Look through the data below and report how many lines include "concise". Only the number should be given.

Dataset excerpts
┄┄┄┄┄┄

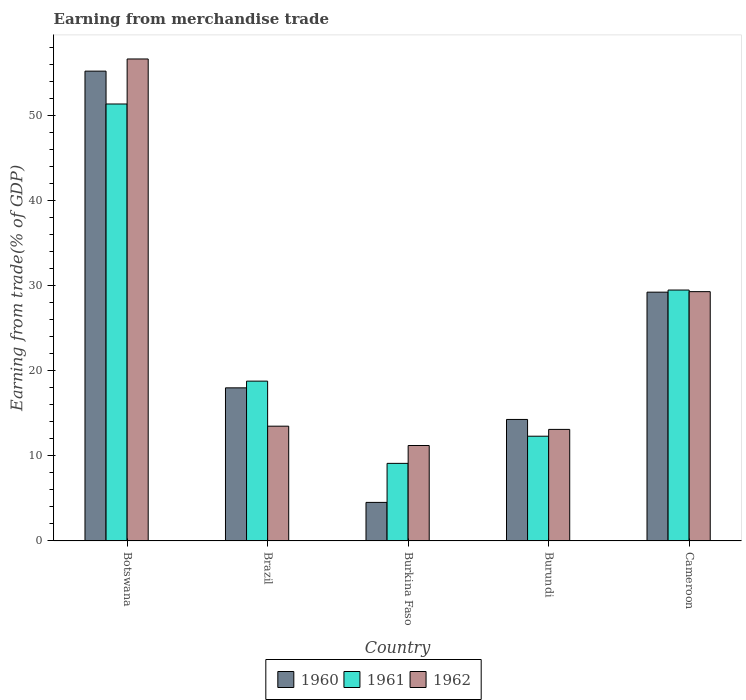Are the number of bars per tick equal to the number of legend labels?
Your answer should be compact. Yes. What is the label of the 2nd group of bars from the left?
Provide a short and direct response. Brazil. What is the earnings from trade in 1961 in Brazil?
Ensure brevity in your answer.  18.79. Across all countries, what is the maximum earnings from trade in 1962?
Keep it short and to the point. 56.67. Across all countries, what is the minimum earnings from trade in 1962?
Offer a very short reply. 11.22. In which country was the earnings from trade in 1960 maximum?
Keep it short and to the point. Botswana. In which country was the earnings from trade in 1961 minimum?
Offer a very short reply. Burkina Faso. What is the total earnings from trade in 1960 in the graph?
Your answer should be compact. 121.31. What is the difference between the earnings from trade in 1962 in Brazil and that in Burkina Faso?
Provide a succinct answer. 2.27. What is the difference between the earnings from trade in 1961 in Burkina Faso and the earnings from trade in 1960 in Brazil?
Your response must be concise. -8.88. What is the average earnings from trade in 1962 per country?
Ensure brevity in your answer.  24.76. What is the difference between the earnings from trade of/in 1962 and earnings from trade of/in 1960 in Burkina Faso?
Offer a terse response. 6.69. What is the ratio of the earnings from trade in 1962 in Botswana to that in Cameroon?
Your answer should be compact. 1.93. Is the earnings from trade in 1962 in Botswana less than that in Burkina Faso?
Keep it short and to the point. No. What is the difference between the highest and the second highest earnings from trade in 1960?
Give a very brief answer. -11.25. What is the difference between the highest and the lowest earnings from trade in 1961?
Offer a very short reply. 42.26. What does the 3rd bar from the right in Botswana represents?
Make the answer very short. 1960. How many bars are there?
Make the answer very short. 15. How many countries are there in the graph?
Ensure brevity in your answer.  5. Where does the legend appear in the graph?
Offer a terse response. Bottom center. How many legend labels are there?
Offer a terse response. 3. What is the title of the graph?
Provide a succinct answer. Earning from merchandise trade. Does "1996" appear as one of the legend labels in the graph?
Offer a very short reply. No. What is the label or title of the X-axis?
Ensure brevity in your answer.  Country. What is the label or title of the Y-axis?
Your answer should be very brief. Earning from trade(% of GDP). What is the Earning from trade(% of GDP) of 1960 in Botswana?
Your answer should be very brief. 55.24. What is the Earning from trade(% of GDP) in 1961 in Botswana?
Give a very brief answer. 51.38. What is the Earning from trade(% of GDP) of 1962 in Botswana?
Ensure brevity in your answer.  56.67. What is the Earning from trade(% of GDP) of 1960 in Brazil?
Offer a terse response. 18. What is the Earning from trade(% of GDP) in 1961 in Brazil?
Your response must be concise. 18.79. What is the Earning from trade(% of GDP) of 1962 in Brazil?
Your answer should be compact. 13.49. What is the Earning from trade(% of GDP) in 1960 in Burkina Faso?
Offer a terse response. 4.53. What is the Earning from trade(% of GDP) of 1961 in Burkina Faso?
Your answer should be very brief. 9.12. What is the Earning from trade(% of GDP) in 1962 in Burkina Faso?
Offer a very short reply. 11.22. What is the Earning from trade(% of GDP) in 1960 in Burundi?
Provide a succinct answer. 14.29. What is the Earning from trade(% of GDP) of 1961 in Burundi?
Your response must be concise. 12.32. What is the Earning from trade(% of GDP) in 1962 in Burundi?
Provide a short and direct response. 13.11. What is the Earning from trade(% of GDP) in 1960 in Cameroon?
Offer a terse response. 29.25. What is the Earning from trade(% of GDP) in 1961 in Cameroon?
Offer a very short reply. 29.5. What is the Earning from trade(% of GDP) in 1962 in Cameroon?
Give a very brief answer. 29.31. Across all countries, what is the maximum Earning from trade(% of GDP) of 1960?
Give a very brief answer. 55.24. Across all countries, what is the maximum Earning from trade(% of GDP) of 1961?
Your answer should be compact. 51.38. Across all countries, what is the maximum Earning from trade(% of GDP) in 1962?
Keep it short and to the point. 56.67. Across all countries, what is the minimum Earning from trade(% of GDP) of 1960?
Provide a succinct answer. 4.53. Across all countries, what is the minimum Earning from trade(% of GDP) in 1961?
Offer a terse response. 9.12. Across all countries, what is the minimum Earning from trade(% of GDP) in 1962?
Give a very brief answer. 11.22. What is the total Earning from trade(% of GDP) of 1960 in the graph?
Your answer should be very brief. 121.31. What is the total Earning from trade(% of GDP) in 1961 in the graph?
Your answer should be compact. 121.11. What is the total Earning from trade(% of GDP) of 1962 in the graph?
Offer a terse response. 123.81. What is the difference between the Earning from trade(% of GDP) in 1960 in Botswana and that in Brazil?
Provide a short and direct response. 37.24. What is the difference between the Earning from trade(% of GDP) of 1961 in Botswana and that in Brazil?
Provide a succinct answer. 32.59. What is the difference between the Earning from trade(% of GDP) of 1962 in Botswana and that in Brazil?
Offer a terse response. 43.18. What is the difference between the Earning from trade(% of GDP) in 1960 in Botswana and that in Burkina Faso?
Your answer should be compact. 50.71. What is the difference between the Earning from trade(% of GDP) of 1961 in Botswana and that in Burkina Faso?
Give a very brief answer. 42.26. What is the difference between the Earning from trade(% of GDP) of 1962 in Botswana and that in Burkina Faso?
Provide a short and direct response. 45.45. What is the difference between the Earning from trade(% of GDP) of 1960 in Botswana and that in Burundi?
Provide a succinct answer. 40.96. What is the difference between the Earning from trade(% of GDP) in 1961 in Botswana and that in Burundi?
Provide a succinct answer. 39.06. What is the difference between the Earning from trade(% of GDP) in 1962 in Botswana and that in Burundi?
Ensure brevity in your answer.  43.56. What is the difference between the Earning from trade(% of GDP) in 1960 in Botswana and that in Cameroon?
Offer a terse response. 25.99. What is the difference between the Earning from trade(% of GDP) in 1961 in Botswana and that in Cameroon?
Provide a succinct answer. 21.88. What is the difference between the Earning from trade(% of GDP) of 1962 in Botswana and that in Cameroon?
Make the answer very short. 27.36. What is the difference between the Earning from trade(% of GDP) of 1960 in Brazil and that in Burkina Faso?
Provide a short and direct response. 13.47. What is the difference between the Earning from trade(% of GDP) of 1961 in Brazil and that in Burkina Faso?
Your answer should be very brief. 9.67. What is the difference between the Earning from trade(% of GDP) of 1962 in Brazil and that in Burkina Faso?
Offer a terse response. 2.27. What is the difference between the Earning from trade(% of GDP) in 1960 in Brazil and that in Burundi?
Your response must be concise. 3.72. What is the difference between the Earning from trade(% of GDP) in 1961 in Brazil and that in Burundi?
Provide a short and direct response. 6.47. What is the difference between the Earning from trade(% of GDP) in 1962 in Brazil and that in Burundi?
Your answer should be very brief. 0.38. What is the difference between the Earning from trade(% of GDP) of 1960 in Brazil and that in Cameroon?
Provide a short and direct response. -11.25. What is the difference between the Earning from trade(% of GDP) in 1961 in Brazil and that in Cameroon?
Give a very brief answer. -10.71. What is the difference between the Earning from trade(% of GDP) of 1962 in Brazil and that in Cameroon?
Provide a succinct answer. -15.82. What is the difference between the Earning from trade(% of GDP) of 1960 in Burkina Faso and that in Burundi?
Keep it short and to the point. -9.75. What is the difference between the Earning from trade(% of GDP) in 1961 in Burkina Faso and that in Burundi?
Your response must be concise. -3.19. What is the difference between the Earning from trade(% of GDP) of 1962 in Burkina Faso and that in Burundi?
Your response must be concise. -1.89. What is the difference between the Earning from trade(% of GDP) in 1960 in Burkina Faso and that in Cameroon?
Your answer should be very brief. -24.72. What is the difference between the Earning from trade(% of GDP) of 1961 in Burkina Faso and that in Cameroon?
Make the answer very short. -20.38. What is the difference between the Earning from trade(% of GDP) of 1962 in Burkina Faso and that in Cameroon?
Make the answer very short. -18.09. What is the difference between the Earning from trade(% of GDP) of 1960 in Burundi and that in Cameroon?
Give a very brief answer. -14.97. What is the difference between the Earning from trade(% of GDP) of 1961 in Burundi and that in Cameroon?
Ensure brevity in your answer.  -17.19. What is the difference between the Earning from trade(% of GDP) in 1962 in Burundi and that in Cameroon?
Your response must be concise. -16.2. What is the difference between the Earning from trade(% of GDP) of 1960 in Botswana and the Earning from trade(% of GDP) of 1961 in Brazil?
Offer a terse response. 36.45. What is the difference between the Earning from trade(% of GDP) in 1960 in Botswana and the Earning from trade(% of GDP) in 1962 in Brazil?
Offer a very short reply. 41.75. What is the difference between the Earning from trade(% of GDP) in 1961 in Botswana and the Earning from trade(% of GDP) in 1962 in Brazil?
Provide a short and direct response. 37.88. What is the difference between the Earning from trade(% of GDP) of 1960 in Botswana and the Earning from trade(% of GDP) of 1961 in Burkina Faso?
Offer a very short reply. 46.12. What is the difference between the Earning from trade(% of GDP) in 1960 in Botswana and the Earning from trade(% of GDP) in 1962 in Burkina Faso?
Provide a short and direct response. 44.02. What is the difference between the Earning from trade(% of GDP) in 1961 in Botswana and the Earning from trade(% of GDP) in 1962 in Burkina Faso?
Offer a very short reply. 40.16. What is the difference between the Earning from trade(% of GDP) in 1960 in Botswana and the Earning from trade(% of GDP) in 1961 in Burundi?
Your answer should be compact. 42.93. What is the difference between the Earning from trade(% of GDP) of 1960 in Botswana and the Earning from trade(% of GDP) of 1962 in Burundi?
Your response must be concise. 42.13. What is the difference between the Earning from trade(% of GDP) in 1961 in Botswana and the Earning from trade(% of GDP) in 1962 in Burundi?
Your answer should be compact. 38.26. What is the difference between the Earning from trade(% of GDP) of 1960 in Botswana and the Earning from trade(% of GDP) of 1961 in Cameroon?
Offer a very short reply. 25.74. What is the difference between the Earning from trade(% of GDP) of 1960 in Botswana and the Earning from trade(% of GDP) of 1962 in Cameroon?
Provide a short and direct response. 25.93. What is the difference between the Earning from trade(% of GDP) of 1961 in Botswana and the Earning from trade(% of GDP) of 1962 in Cameroon?
Keep it short and to the point. 22.07. What is the difference between the Earning from trade(% of GDP) of 1960 in Brazil and the Earning from trade(% of GDP) of 1961 in Burkina Faso?
Give a very brief answer. 8.88. What is the difference between the Earning from trade(% of GDP) of 1960 in Brazil and the Earning from trade(% of GDP) of 1962 in Burkina Faso?
Your answer should be very brief. 6.78. What is the difference between the Earning from trade(% of GDP) of 1961 in Brazil and the Earning from trade(% of GDP) of 1962 in Burkina Faso?
Offer a terse response. 7.57. What is the difference between the Earning from trade(% of GDP) of 1960 in Brazil and the Earning from trade(% of GDP) of 1961 in Burundi?
Give a very brief answer. 5.69. What is the difference between the Earning from trade(% of GDP) of 1960 in Brazil and the Earning from trade(% of GDP) of 1962 in Burundi?
Offer a terse response. 4.89. What is the difference between the Earning from trade(% of GDP) of 1961 in Brazil and the Earning from trade(% of GDP) of 1962 in Burundi?
Make the answer very short. 5.68. What is the difference between the Earning from trade(% of GDP) in 1960 in Brazil and the Earning from trade(% of GDP) in 1962 in Cameroon?
Ensure brevity in your answer.  -11.31. What is the difference between the Earning from trade(% of GDP) in 1961 in Brazil and the Earning from trade(% of GDP) in 1962 in Cameroon?
Keep it short and to the point. -10.52. What is the difference between the Earning from trade(% of GDP) in 1960 in Burkina Faso and the Earning from trade(% of GDP) in 1961 in Burundi?
Offer a terse response. -7.78. What is the difference between the Earning from trade(% of GDP) of 1960 in Burkina Faso and the Earning from trade(% of GDP) of 1962 in Burundi?
Your answer should be very brief. -8.58. What is the difference between the Earning from trade(% of GDP) in 1961 in Burkina Faso and the Earning from trade(% of GDP) in 1962 in Burundi?
Ensure brevity in your answer.  -3.99. What is the difference between the Earning from trade(% of GDP) of 1960 in Burkina Faso and the Earning from trade(% of GDP) of 1961 in Cameroon?
Offer a terse response. -24.97. What is the difference between the Earning from trade(% of GDP) in 1960 in Burkina Faso and the Earning from trade(% of GDP) in 1962 in Cameroon?
Your answer should be compact. -24.78. What is the difference between the Earning from trade(% of GDP) in 1961 in Burkina Faso and the Earning from trade(% of GDP) in 1962 in Cameroon?
Make the answer very short. -20.19. What is the difference between the Earning from trade(% of GDP) of 1960 in Burundi and the Earning from trade(% of GDP) of 1961 in Cameroon?
Keep it short and to the point. -15.22. What is the difference between the Earning from trade(% of GDP) of 1960 in Burundi and the Earning from trade(% of GDP) of 1962 in Cameroon?
Your answer should be very brief. -15.03. What is the difference between the Earning from trade(% of GDP) in 1961 in Burundi and the Earning from trade(% of GDP) in 1962 in Cameroon?
Provide a succinct answer. -17. What is the average Earning from trade(% of GDP) of 1960 per country?
Make the answer very short. 24.26. What is the average Earning from trade(% of GDP) in 1961 per country?
Provide a short and direct response. 24.22. What is the average Earning from trade(% of GDP) in 1962 per country?
Provide a succinct answer. 24.76. What is the difference between the Earning from trade(% of GDP) of 1960 and Earning from trade(% of GDP) of 1961 in Botswana?
Give a very brief answer. 3.86. What is the difference between the Earning from trade(% of GDP) of 1960 and Earning from trade(% of GDP) of 1962 in Botswana?
Provide a short and direct response. -1.43. What is the difference between the Earning from trade(% of GDP) in 1961 and Earning from trade(% of GDP) in 1962 in Botswana?
Ensure brevity in your answer.  -5.29. What is the difference between the Earning from trade(% of GDP) of 1960 and Earning from trade(% of GDP) of 1961 in Brazil?
Your answer should be very brief. -0.79. What is the difference between the Earning from trade(% of GDP) in 1960 and Earning from trade(% of GDP) in 1962 in Brazil?
Your answer should be compact. 4.51. What is the difference between the Earning from trade(% of GDP) of 1961 and Earning from trade(% of GDP) of 1962 in Brazil?
Give a very brief answer. 5.3. What is the difference between the Earning from trade(% of GDP) of 1960 and Earning from trade(% of GDP) of 1961 in Burkina Faso?
Provide a succinct answer. -4.59. What is the difference between the Earning from trade(% of GDP) in 1960 and Earning from trade(% of GDP) in 1962 in Burkina Faso?
Offer a terse response. -6.69. What is the difference between the Earning from trade(% of GDP) of 1961 and Earning from trade(% of GDP) of 1962 in Burkina Faso?
Your answer should be compact. -2.1. What is the difference between the Earning from trade(% of GDP) in 1960 and Earning from trade(% of GDP) in 1961 in Burundi?
Offer a terse response. 1.97. What is the difference between the Earning from trade(% of GDP) in 1960 and Earning from trade(% of GDP) in 1962 in Burundi?
Keep it short and to the point. 1.17. What is the difference between the Earning from trade(% of GDP) of 1961 and Earning from trade(% of GDP) of 1962 in Burundi?
Your response must be concise. -0.8. What is the difference between the Earning from trade(% of GDP) in 1960 and Earning from trade(% of GDP) in 1961 in Cameroon?
Your answer should be very brief. -0.25. What is the difference between the Earning from trade(% of GDP) of 1960 and Earning from trade(% of GDP) of 1962 in Cameroon?
Keep it short and to the point. -0.06. What is the difference between the Earning from trade(% of GDP) of 1961 and Earning from trade(% of GDP) of 1962 in Cameroon?
Keep it short and to the point. 0.19. What is the ratio of the Earning from trade(% of GDP) of 1960 in Botswana to that in Brazil?
Your answer should be compact. 3.07. What is the ratio of the Earning from trade(% of GDP) of 1961 in Botswana to that in Brazil?
Your answer should be very brief. 2.73. What is the ratio of the Earning from trade(% of GDP) in 1962 in Botswana to that in Brazil?
Provide a succinct answer. 4.2. What is the ratio of the Earning from trade(% of GDP) in 1960 in Botswana to that in Burkina Faso?
Your response must be concise. 12.19. What is the ratio of the Earning from trade(% of GDP) of 1961 in Botswana to that in Burkina Faso?
Provide a succinct answer. 5.63. What is the ratio of the Earning from trade(% of GDP) in 1962 in Botswana to that in Burkina Faso?
Your answer should be very brief. 5.05. What is the ratio of the Earning from trade(% of GDP) in 1960 in Botswana to that in Burundi?
Provide a short and direct response. 3.87. What is the ratio of the Earning from trade(% of GDP) in 1961 in Botswana to that in Burundi?
Give a very brief answer. 4.17. What is the ratio of the Earning from trade(% of GDP) of 1962 in Botswana to that in Burundi?
Give a very brief answer. 4.32. What is the ratio of the Earning from trade(% of GDP) of 1960 in Botswana to that in Cameroon?
Keep it short and to the point. 1.89. What is the ratio of the Earning from trade(% of GDP) in 1961 in Botswana to that in Cameroon?
Your answer should be very brief. 1.74. What is the ratio of the Earning from trade(% of GDP) of 1962 in Botswana to that in Cameroon?
Your answer should be very brief. 1.93. What is the ratio of the Earning from trade(% of GDP) of 1960 in Brazil to that in Burkina Faso?
Provide a short and direct response. 3.97. What is the ratio of the Earning from trade(% of GDP) of 1961 in Brazil to that in Burkina Faso?
Offer a terse response. 2.06. What is the ratio of the Earning from trade(% of GDP) in 1962 in Brazil to that in Burkina Faso?
Your answer should be compact. 1.2. What is the ratio of the Earning from trade(% of GDP) in 1960 in Brazil to that in Burundi?
Offer a terse response. 1.26. What is the ratio of the Earning from trade(% of GDP) in 1961 in Brazil to that in Burundi?
Offer a terse response. 1.53. What is the ratio of the Earning from trade(% of GDP) of 1962 in Brazil to that in Burundi?
Offer a very short reply. 1.03. What is the ratio of the Earning from trade(% of GDP) in 1960 in Brazil to that in Cameroon?
Your answer should be compact. 0.62. What is the ratio of the Earning from trade(% of GDP) in 1961 in Brazil to that in Cameroon?
Provide a succinct answer. 0.64. What is the ratio of the Earning from trade(% of GDP) in 1962 in Brazil to that in Cameroon?
Your answer should be compact. 0.46. What is the ratio of the Earning from trade(% of GDP) of 1960 in Burkina Faso to that in Burundi?
Your answer should be very brief. 0.32. What is the ratio of the Earning from trade(% of GDP) of 1961 in Burkina Faso to that in Burundi?
Keep it short and to the point. 0.74. What is the ratio of the Earning from trade(% of GDP) in 1962 in Burkina Faso to that in Burundi?
Offer a terse response. 0.86. What is the ratio of the Earning from trade(% of GDP) of 1960 in Burkina Faso to that in Cameroon?
Provide a succinct answer. 0.15. What is the ratio of the Earning from trade(% of GDP) in 1961 in Burkina Faso to that in Cameroon?
Your answer should be very brief. 0.31. What is the ratio of the Earning from trade(% of GDP) of 1962 in Burkina Faso to that in Cameroon?
Make the answer very short. 0.38. What is the ratio of the Earning from trade(% of GDP) in 1960 in Burundi to that in Cameroon?
Offer a very short reply. 0.49. What is the ratio of the Earning from trade(% of GDP) of 1961 in Burundi to that in Cameroon?
Your answer should be compact. 0.42. What is the ratio of the Earning from trade(% of GDP) in 1962 in Burundi to that in Cameroon?
Keep it short and to the point. 0.45. What is the difference between the highest and the second highest Earning from trade(% of GDP) of 1960?
Keep it short and to the point. 25.99. What is the difference between the highest and the second highest Earning from trade(% of GDP) of 1961?
Ensure brevity in your answer.  21.88. What is the difference between the highest and the second highest Earning from trade(% of GDP) in 1962?
Provide a short and direct response. 27.36. What is the difference between the highest and the lowest Earning from trade(% of GDP) in 1960?
Make the answer very short. 50.71. What is the difference between the highest and the lowest Earning from trade(% of GDP) of 1961?
Give a very brief answer. 42.26. What is the difference between the highest and the lowest Earning from trade(% of GDP) of 1962?
Make the answer very short. 45.45.

┄┄┄┄┄┄

▶ Task result: 10